Correlation Between Newmont and MAGNUM DCORP

Specify exactly 2 symbols:
Can any of the company-specific risk be diversified away by investing in both Newmont and MAGNUM DCORP at the same time? Although using a correlation coefficient on its own may not help to predict future stock returns, this module helps to understand the diversifiable risk of combining Newmont and MAGNUM DCORP into the same portfolio, which is an essential part of the fundamental portfolio management process.
By analyzing existing cross correlation between Newmont and MAGNUM DCORP INC, you can compare the effects of market volatilities on Newmont and MAGNUM DCORP and check how they will diversify away market risk if combined in the same portfolio for a given time horizon. You can also utilize pair trading strategies of matching a long position in Newmont with a short position of MAGNUM DCORP. Check out your portfolio center. Please also check ongoing floating volatility patterns of Newmont and MAGNUM DCORP.

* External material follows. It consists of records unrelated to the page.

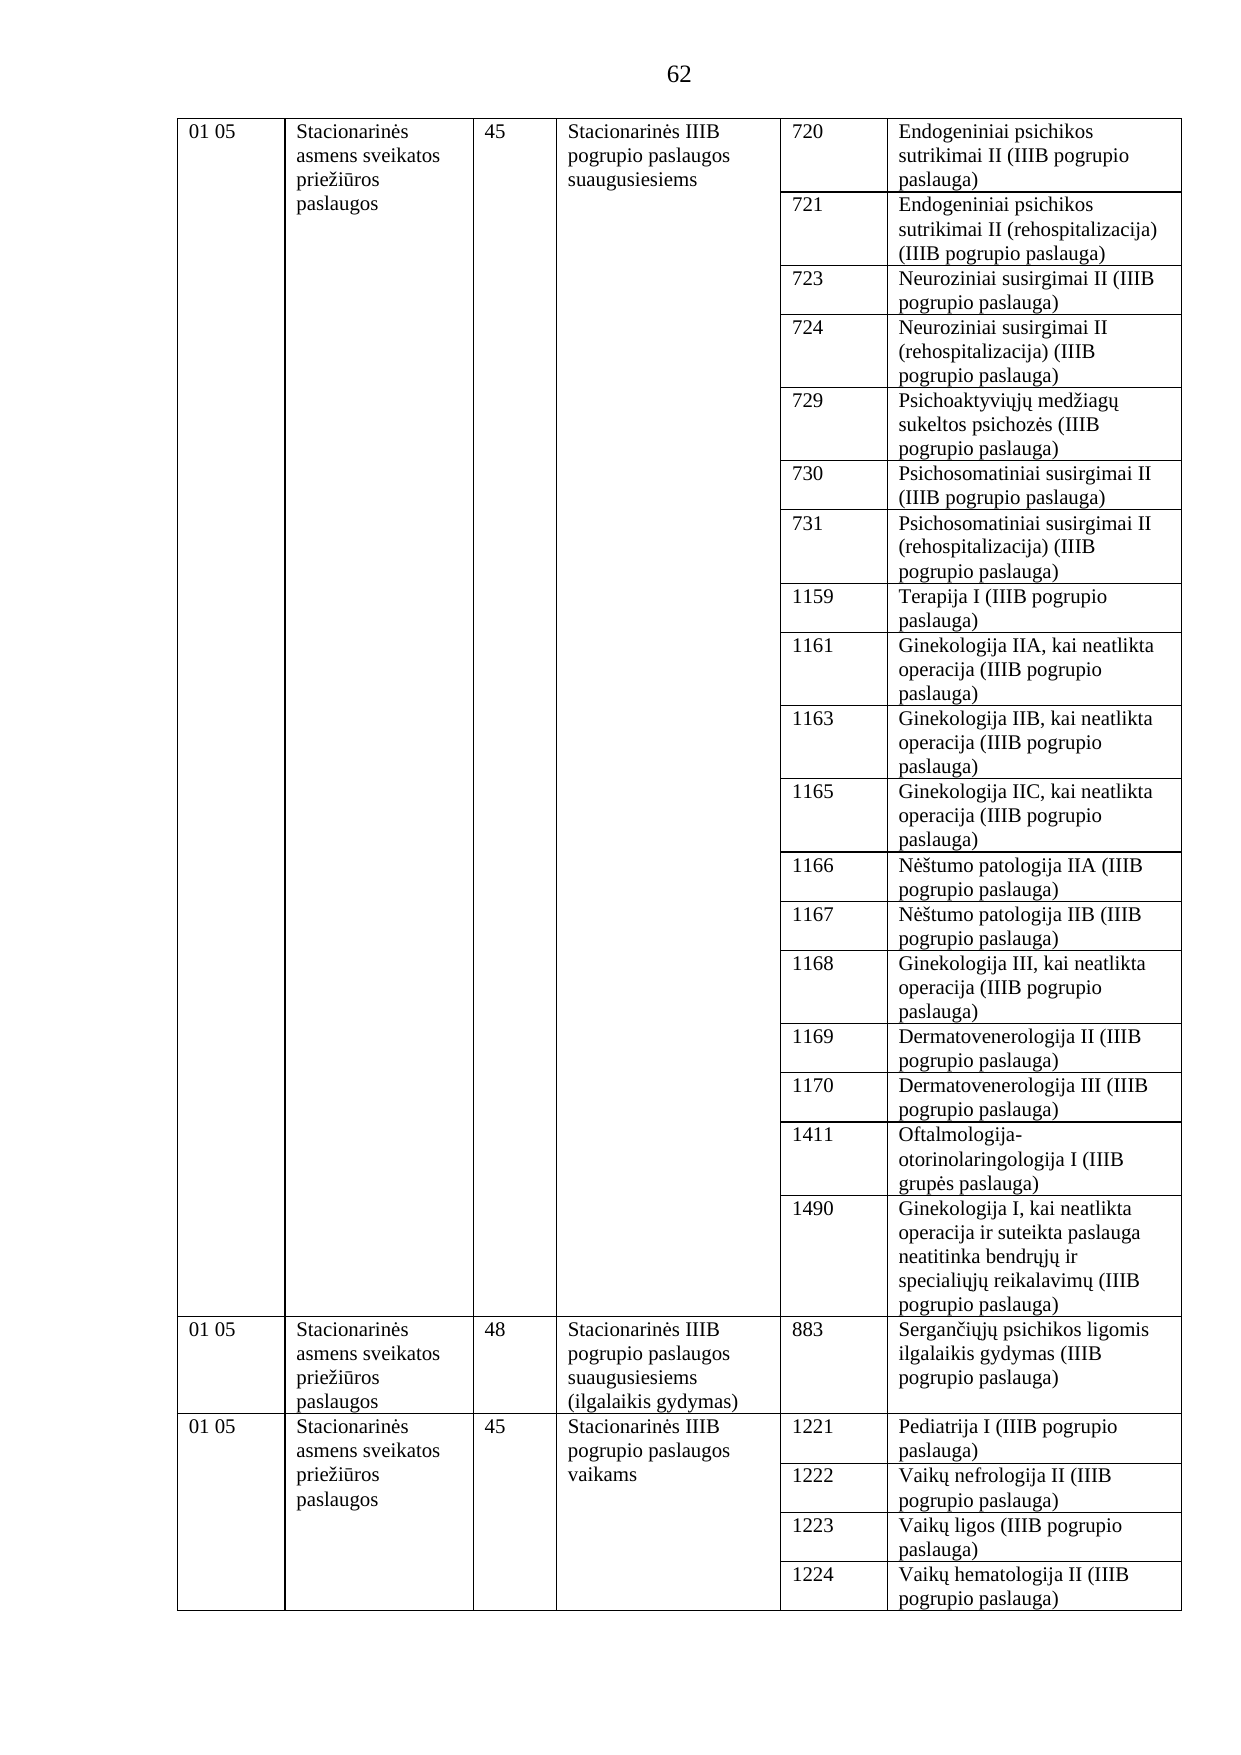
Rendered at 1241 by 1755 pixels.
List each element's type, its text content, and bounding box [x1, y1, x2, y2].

table_cell 1167 [781, 902, 887, 950]
table_cell 1221 [781, 1414, 887, 1462]
table_cell 883 [781, 1317, 887, 1413]
table_cell 1169 [781, 1024, 887, 1072]
table_cell 1224 [781, 1562, 887, 1610]
table_cell Psichosomatiniai susirgimai II (IIIB pogrupio paslauga) [888, 461, 1181, 509]
table_cell Terapija I (IIIB pogrupio paslauga) [888, 584, 1181, 632]
table_cell 1161 [781, 633, 887, 705]
table_cell Pediatrija I (IIIB pogrupio paslauga) [888, 1414, 1181, 1462]
table_cell 720 [781, 119, 887, 191]
table_cell 01 05 [178, 1414, 284, 1610]
table_cell Ginekologija IIA, kai neatlikta operacija (IIIB pogrupio paslauga) [888, 633, 1181, 705]
table_cell Dermatovenerologija II (IIIB pogrupio paslauga) [888, 1024, 1181, 1072]
table_cell 1166 [781, 853, 887, 901]
table_cell Neuroziniai susirgimai II (rehospitalizacija) (IIIB pogrupio paslauga) [888, 315, 1181, 387]
table_cell Stacionarinės asmens sveikatos priežiūros paslaugos [286, 1414, 473, 1610]
table_cell Stacionarinės IIIB pogrupio paslaugos suaugusiesiems (ilgalaikis gydymas) [557, 1317, 780, 1413]
table_cell 01 05 [178, 1317, 284, 1413]
table_cell 1163 [781, 706, 887, 778]
table_cell 724 [781, 315, 887, 387]
table_cell Neuroziniai susirgimai II (IIIB pogrupio paslauga) [888, 266, 1181, 314]
table_cell 1159 [781, 584, 887, 632]
table_cell 1223 [781, 1513, 887, 1561]
table_cell 731 [781, 510, 887, 583]
table_cell 723 [781, 266, 887, 314]
table_cell Stacionarinės asmens sveikatos priežiūros paslaugos [286, 1317, 473, 1413]
table_cell Psichoaktyviųjų medžiagų sukeltos psichozės (IIIB pogrupio paslauga) [888, 388, 1181, 460]
table_cell Psichosomatiniai susirgimai II (rehospitalizacija) (IIIB pogrupio paslauga) [888, 510, 1181, 583]
table_cell Ginekologija IIC, kai neatlikta operacija (IIIB pogrupio paslauga) [888, 779, 1181, 851]
table_cell Stacionarinės IIIB pogrupio paslaugos suaugusiesiems [557, 119, 780, 1316]
table_cell Endogeniniai psichikos sutrikimai II (IIIB pogrupio paslauga) [888, 119, 1181, 191]
table_cell 1411 [781, 1123, 887, 1194]
table_cell Stacionarinės asmens sveikatos priežiūros paslaugos [286, 119, 473, 1316]
table_cell 1168 [781, 951, 887, 1023]
table_cell Vaikų nefrologija II (IIIB pogrupio paslauga) [888, 1464, 1181, 1512]
table_cell Vaikų ligos (IIIB pogrupio paslauga) [888, 1513, 1181, 1561]
table_cell Nėštumo patologija IIB (IIIB pogrupio paslauga) [888, 902, 1181, 950]
table_cell Dermatovenerologija III (IIIB pogrupio paslauga) [888, 1073, 1181, 1121]
table_cell Ginekologija I, kai neatlikta operacija ir suteikta paslauga neatitinka bendrųjų ir specialiųjų reikalavimų (IIIB pogrupio paslauga) [888, 1196, 1181, 1316]
table_cell Ginekologija III, kai neatlikta operacija (IIIB pogrupio paslauga) [888, 951, 1181, 1023]
table_cell Ginekologija IIB, kai neatlikta operacija (IIIB pogrupio paslauga) [888, 706, 1181, 778]
table_cell 1222 [781, 1464, 887, 1512]
table_cell Vaikų hematologija II (IIIB pogrupio paslauga) [888, 1562, 1181, 1610]
table_cell 48 [474, 1317, 556, 1413]
table_cell Sergančiųjų psichikos ligomis ilgalaikis gydymas (IIIB pogrupio paslauga) [888, 1317, 1181, 1413]
table_cell 721 [781, 193, 887, 264]
table_cell 1490 [781, 1196, 887, 1316]
table_cell 1170 [781, 1073, 887, 1121]
table_cell Oftalmologija-otorinolaringologija I (IIIB grupės paslauga) [888, 1123, 1181, 1194]
table_cell Endogeniniai psichikos sutrikimai II (rehospitalizacija) (IIIB pogrupio paslauga) [888, 193, 1181, 264]
table_cell 45 [474, 1414, 556, 1610]
table_cell 45 [474, 119, 556, 1316]
table_cell 729 [781, 388, 887, 460]
table_cell 1165 [781, 779, 887, 851]
table_cell Nėštumo patologija IIA (IIIB pogrupio paslauga) [888, 853, 1181, 901]
table_cell Stacionarinės IIIB pogrupio paslaugos vaikams [557, 1414, 780, 1610]
table_cell 01 05 [178, 119, 284, 1316]
table_cell 730 [781, 461, 887, 509]

Diversification Opportunities for Newmont and MAGNUM DCORP

-0.08
  Correlation Coefficient

Good diversification

The 3 months correlation between Newmont and MAGNUM is -0.08. Overlapping area represents the amount of risk that can be diversified away by holding Newmont and MAGNUM DCORP INC in the same portfolio, assuming nothing else is changed. The correlation between historical prices or returns on MAGNUM DCORP INC and Newmont is a relative statistical measure of the degree to which these equity instruments tend to move together. The correlation coefficient measures the extent to which returns on Newmont are associated (or correlated) with MAGNUM DCORP. Values of the correlation coefficient range from -1 to +1, where. The correlation of zero (0) is possible when the price movement of MAGNUM DCORP INC has no effect on the direction of Newmont i.e., Newmont and MAGNUM DCORP go up and down completely randomly.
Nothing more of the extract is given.